Namun dalam akad musaqah yang dilakukan masyarakat Desa Katomporang tidak disebutkan berapa lama mereka harus menggarap kebun tersebut. Tentu saja hal ini bertentangan dengan pendapat Madzhab Syafi'i yang mengharuskan diketahui jangka waktu persiapannya, jika tidak ditentukan maka akad musaqah menurut Mazhab Syafi'i tidak sah. Berdasarkan syarat-syarat yang ditetapkan oleh mazhab Syafi’i terdapat syarat-syarat yang tidak sesuai dengan praktek akad musaqah yang dilakukan oleh masyarakat Katomporang.

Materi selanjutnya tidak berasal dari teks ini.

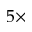<formula> <loc_0><loc_0><loc_500><loc_500>5 \times</formula> 
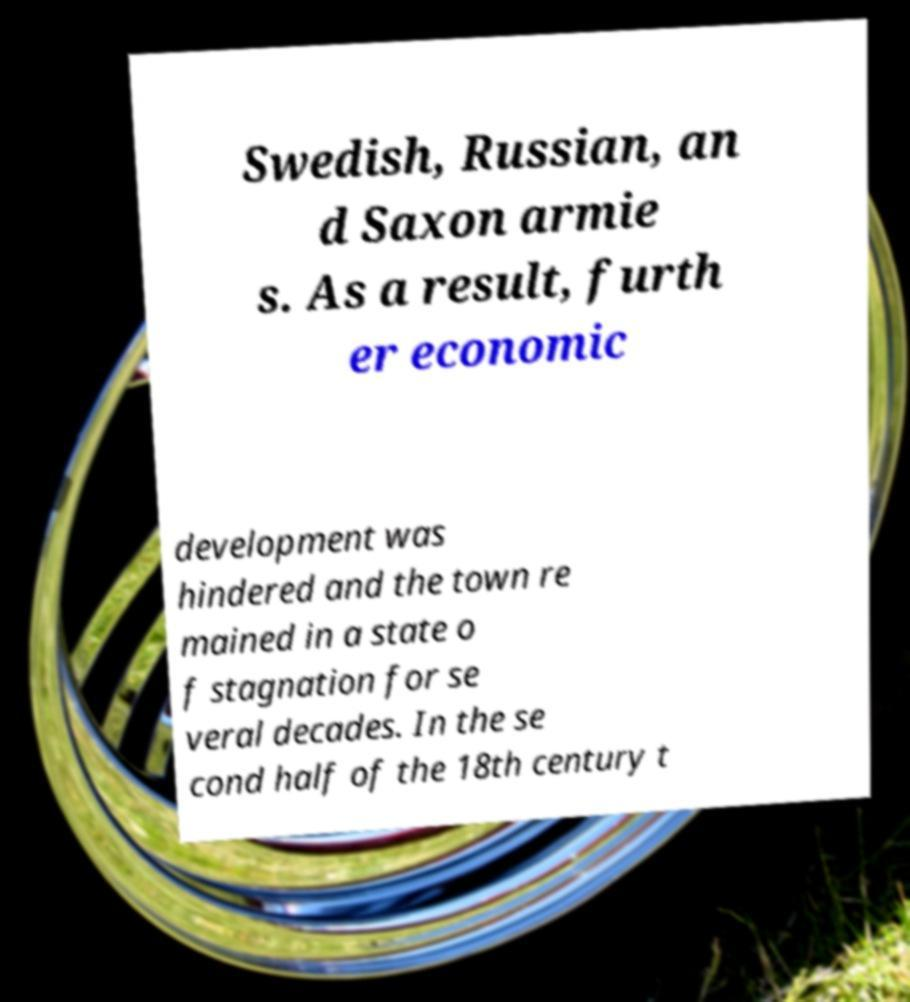Can you accurately transcribe the text from the provided image for me? Swedish, Russian, an d Saxon armie s. As a result, furth er economic development was hindered and the town re mained in a state o f stagnation for se veral decades. In the se cond half of the 18th century t

Mazhab Syafi'i mensyaratkan bahwa akad Musakah harus dikukuhkan dengan menentukan jangka waktu pelaksanaannya.Akad Musakah tidak sah bila tidak ada jangka waktu yang ditentukan. Namun dalam praktik Akad Musaqah yang dilakukan masyarakat Katomporang, pemilik tidak menetapkan batasan waktu dalam bekerja di kebun. Sedangkan di wilayah Desa Katomporang, pelaksanaan akad musaka tidak ada batasan waktu yang ditentukan, hal ini sesuai dengan adat istiadat setempat.

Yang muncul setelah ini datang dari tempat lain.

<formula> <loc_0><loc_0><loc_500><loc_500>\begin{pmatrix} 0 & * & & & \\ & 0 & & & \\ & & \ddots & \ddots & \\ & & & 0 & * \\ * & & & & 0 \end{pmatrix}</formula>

Kerja sama akad musaqah yang dilakukan oleh masyarakat Katomporang didasarkan pada kesepakatan kedua belah pihak yaitu pemilik dan penggarap. Akad bagi hasil Mazhab Syafi'i dengan amalan akad Musaqah bagi tukang kebun di masyarakat Katomporang adalah tepat karena menurut pendapat Mazhab Syafi'i jika tidak diketahui besarnya masing-masing bagian. maka akad musaqahnya batal. Analisis penulis menunjukkan bahwa relevansi pendapat mazhab Syafi’i dengan pelaksanaan akad musaqah bagi tukang kebun di Desa Katomporang Kabupaten Pinrang terdapat kondisi yang tidak sesuai dengan pendapat mazhab Syafi’i yaitu bahwa pemilik perkebunan pada saat melakukan kerjasama akad musaqah tidak menentukan jangka waktu pengelolaan perkebunan.
Secara umum pendapat Mazhab Syafi’i terhadap praktik akad musaqah di Desa Katomporang relevan dan sesuai syariah. Hal ini disebabkan adanya pendapat mazhab Syafi’i yang mengamalkan akad musaqah disesuaikan dengan adat istiadat daerah masing-masing.